イッペイ:理由はいろいろあったけど、結局一番は「ウケ狙い」だね。当時はインテルの担当になってまだそんなに経ってなかったし、PCについて今ほど詳しく知っていたわけでもなかったんだけど、そんな人間がインテル® Xeon® プロセッサーを買って何に使うのかと。当時ほかに自腹で買ってPC組んでやろうなんて人もいなかった中、秋葉原のPCパーツショップの展示を見て「コレだ!」と思ったんだよね。
――実際に買ってみて、どうだったのですか?
イッペイ:かなり反響はあったよ。Xeonの記事を作ってから、PC業界内外の人に「あの記事見ましたよ」って声をかけられることが多くなった。それに、Xeonみたいな特殊な環境での自作だと普通のPCとは違った難しさもあって、その度に自作の知識も増えていった実感があるよ。今の自分があるのは、Xeonで自作した経験のおかげって部分もかなり大きいね。
――これまでの記事を見ると、Xeon周りにかなり投資しているように感じますが、実際のところこれまででどのくらいの予算がかかっているのでしょうか。
イッペイ:Xeonは専用のマザーボードも必要だから、買い換える時にはCPU+マザーボードを新調してきたんだけど、1システムに2つCPUを搭載するものもあったりするからね。CPU+マザーボードだけで自腹で購入したものなら……大体250万円ちょっとかな。うん、自分でも引くね。
――そんな超高額のシステム、一体何に使っているのですか?
イッペイ:結構役立ってるよ。例えば、日本の現役プロ棋士に初めて公式戦で勝った将棋プログラム「Ponanza」の開発に関わっていたり。その時は、AIの学習フェースで「大紅蓮丸」の計算リソースを利用してたし、後は新型コロナウイルス感染症が流行し始めた時に、ワクチン開発のための分散コンピューティングに参加したこともあるね。
・電王・Ponanza開発者が語る、理由がわからないけどスゴイ“怠惰な並列化”
https://ascii.jp/elem/000/001/253/1253340/
・モンスターPCでFolding@home、新型コロナ研究に貢献してみた
https://ascii.jp/elem/000/004/008/4008887/
――社会貢献に一役買っていたのですね! 自身ではどういったことに使っているのですか?
イッペイ:え? Twitterとか……?
――全然活用できていないじゃないですか! では、もし最新のXeon環境が使えるようになったら、やってみたいことはありますか?
イッペイ:もし個人的に使えるなら、やっぱりAI開発とかかな。最近はイラストの自動生成AIや「ChatGPT」みたいな対話型AIが話題になることが多くなって、一般人にも身近になってきたから、今後は個人でもAIの開発がしやすいような世の中になってくると思う。ただ、ハードウェアはやっぱり個人差があるから、最新のXeon環境があればその最先端に居られるからね。
――なるほど。
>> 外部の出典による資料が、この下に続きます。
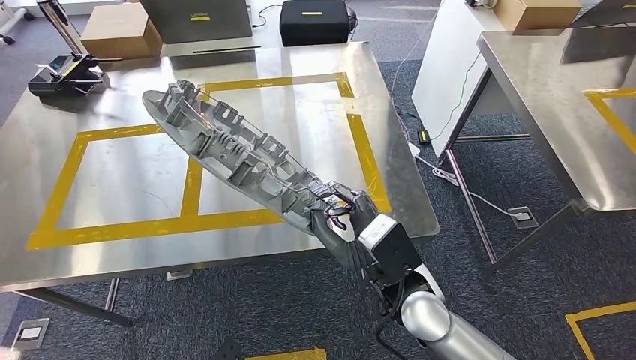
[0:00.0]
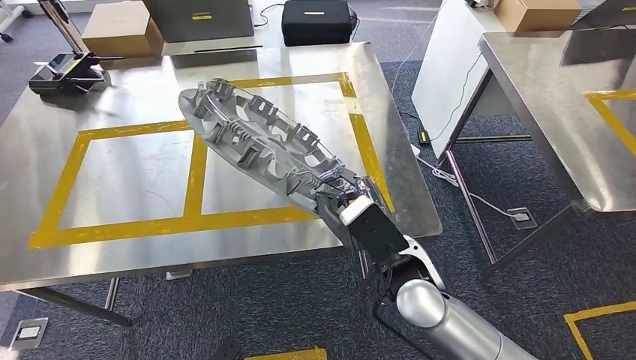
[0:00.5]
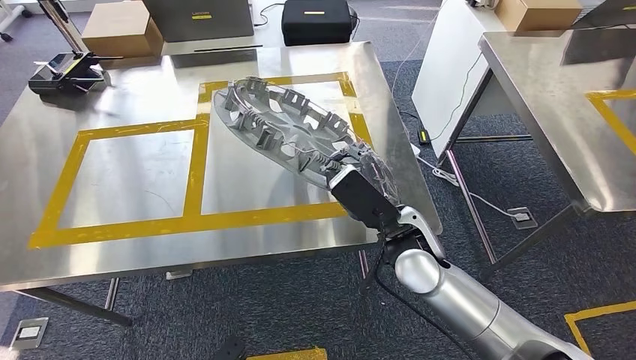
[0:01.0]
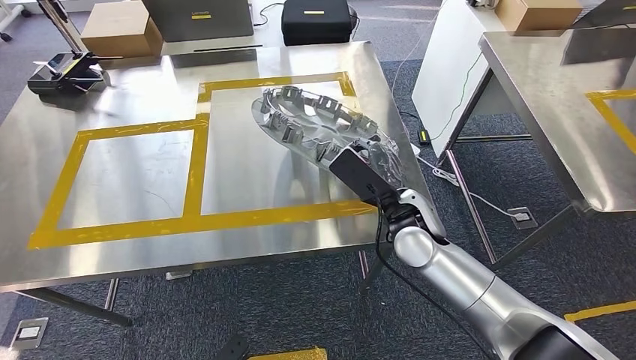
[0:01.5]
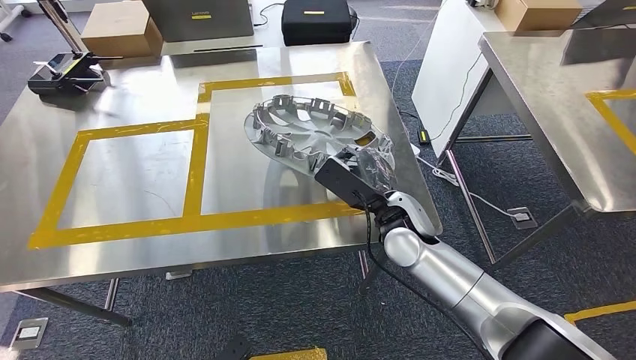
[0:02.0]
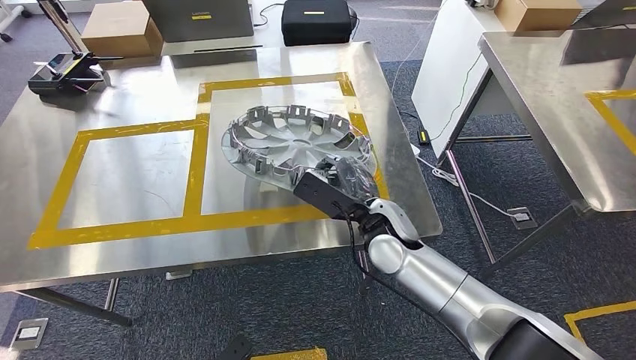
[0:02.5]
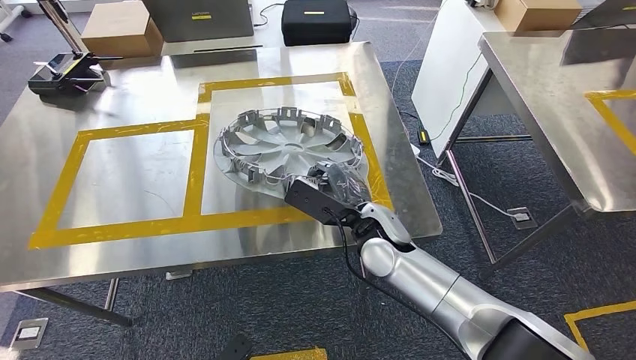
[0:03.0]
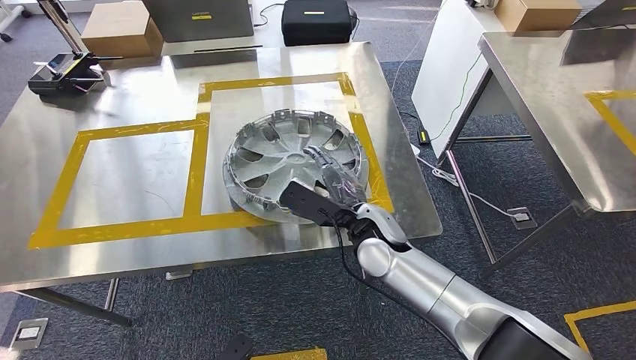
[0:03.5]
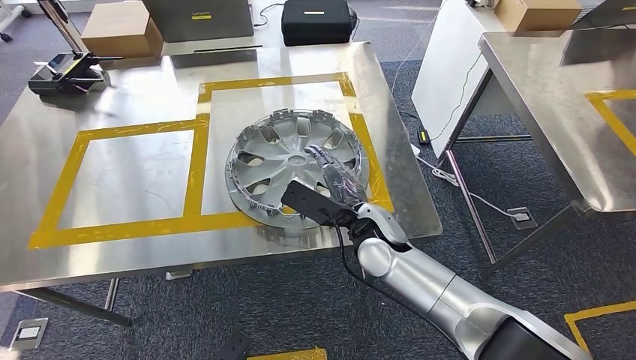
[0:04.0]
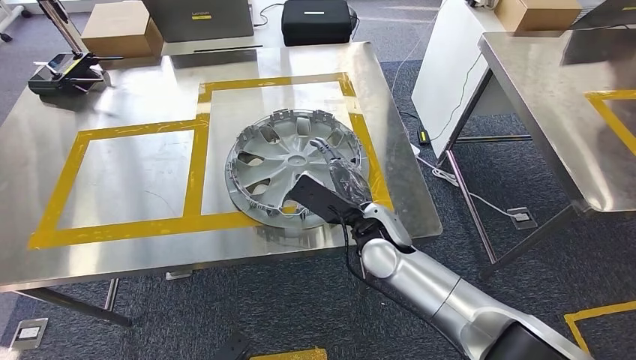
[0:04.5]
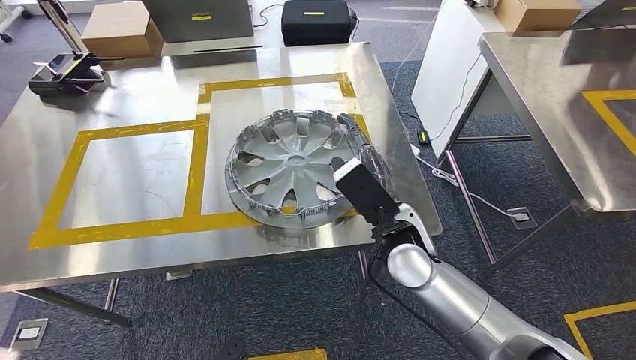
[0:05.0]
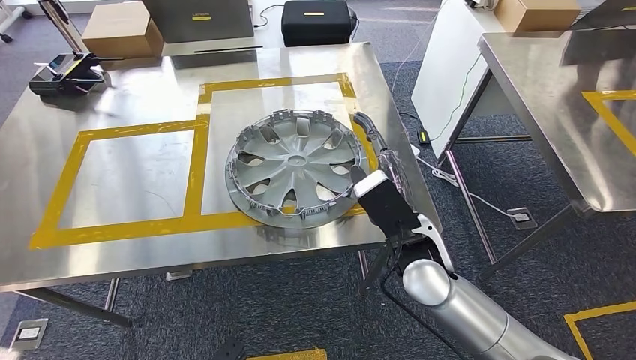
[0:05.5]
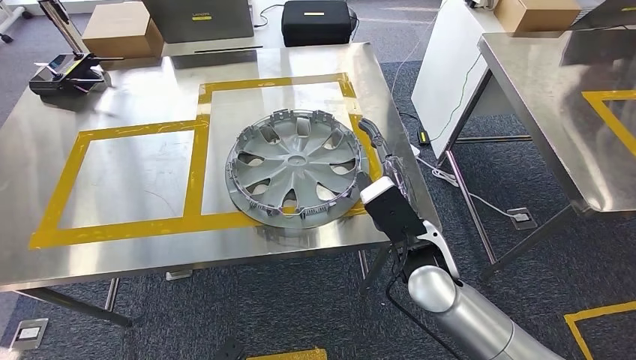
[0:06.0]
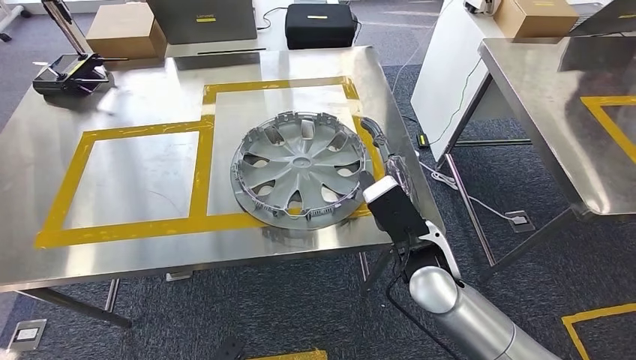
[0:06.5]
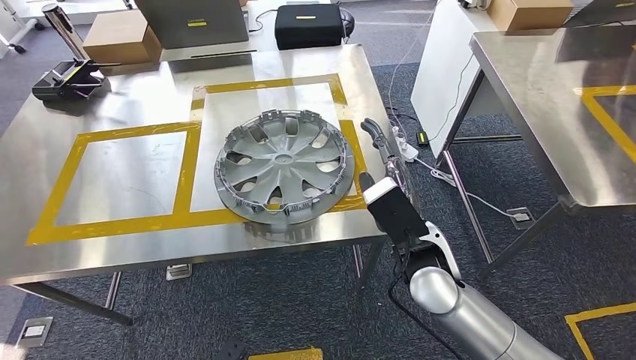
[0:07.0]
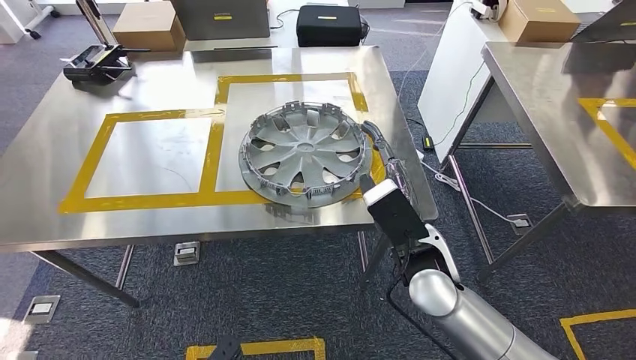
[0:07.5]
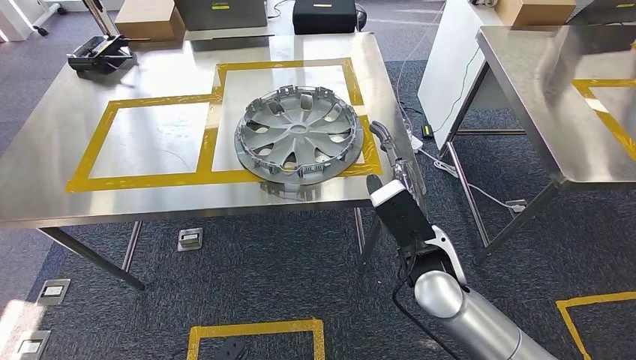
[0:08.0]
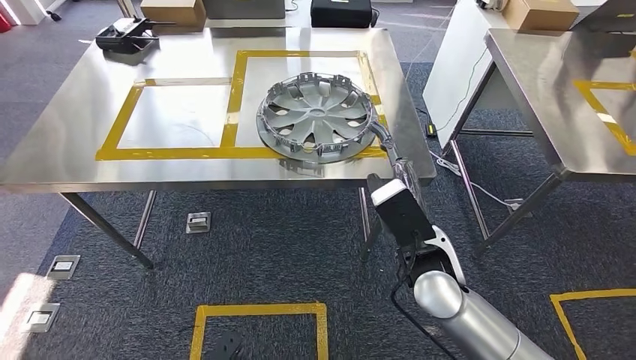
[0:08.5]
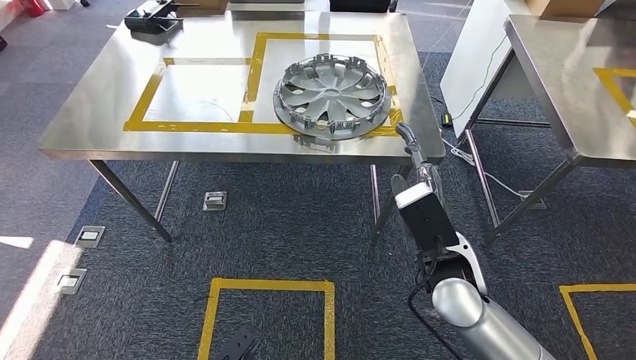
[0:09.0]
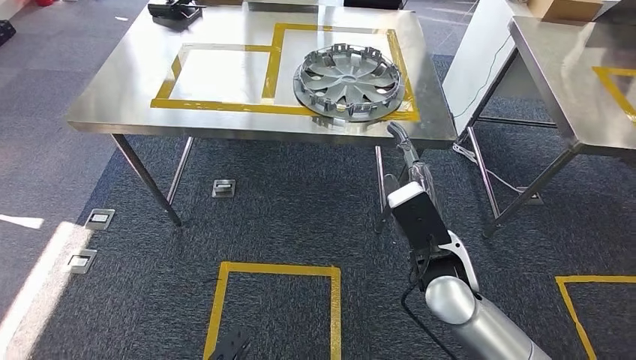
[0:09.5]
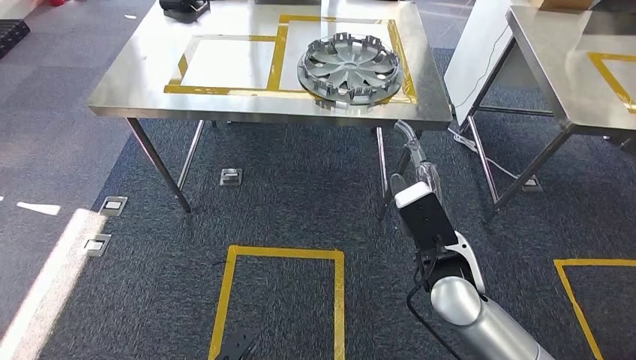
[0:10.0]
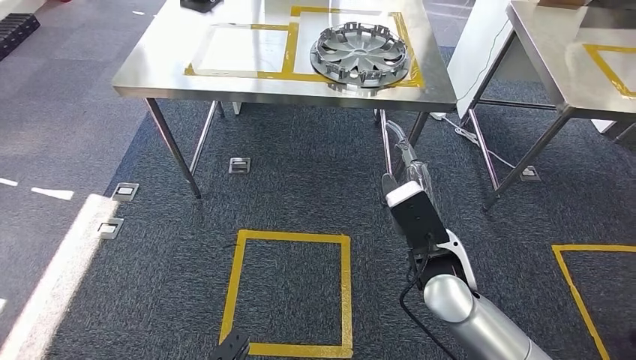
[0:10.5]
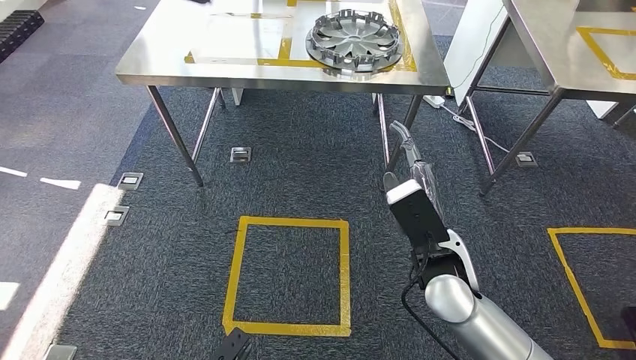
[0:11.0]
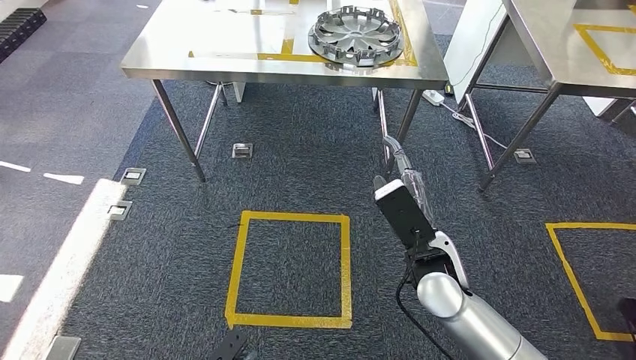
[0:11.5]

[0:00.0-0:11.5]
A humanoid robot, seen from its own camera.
Step, 0:00.0 to 0:07.5: Insert the large material into the corresponding slot on the workbench.
Step, 0:08.0 to 0:11.5: Move to the initial position of the shelf.
0:02.0 to 0:04.0: There are only small adjustments of the hands.
0:04.0 to 0:06.0: The right hand goes roughly 10 cm backward and to the right.

ではやはり、第4世代インテル® Xeon®も狙っているのですか?
イッペイ:いや、それが……本気で貯金がヤバくてさ……。さすがにちょっと節約しないとまずいんだよ。実は最近は使っていないPCパーツとか私物を売りに出してて、今持っているXeonも最新のやつ以外は売りに出そうかと思っているんだよね。
――え!? 大丈夫なんですか?
イッペイ:大丈夫大丈夫、なにせ当時100万円とか出して揃えた製品だからね。それなりの値段にはなるでしょ。そのお金でまた新しいパーツが買えるなら、過去のパーツたちも浮かばれるってもんよ。
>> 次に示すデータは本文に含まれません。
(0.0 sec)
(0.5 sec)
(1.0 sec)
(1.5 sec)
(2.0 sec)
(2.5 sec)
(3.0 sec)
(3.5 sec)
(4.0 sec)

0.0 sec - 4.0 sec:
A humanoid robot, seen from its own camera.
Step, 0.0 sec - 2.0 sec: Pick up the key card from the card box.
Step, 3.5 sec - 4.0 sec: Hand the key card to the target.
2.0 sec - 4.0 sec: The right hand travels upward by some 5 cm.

そういってガハハと笑うジサトライッペイ。その能天気な様子に、一抹の不安を覚えざるを得ない。
とはいえ、ジサトライッペイの言うように、以前よりもAIなどのテクノロジーが身近になってきた昨今、より広いフィールドでの活躍が見込めそうだ。今までデータセンター向けのCPUには縁がないと思っていた人も、これからのIT業界においては第4世代インテル® Xeon® スケーラブル・プロセッサーを頭の片隅に置いておくべきだろう。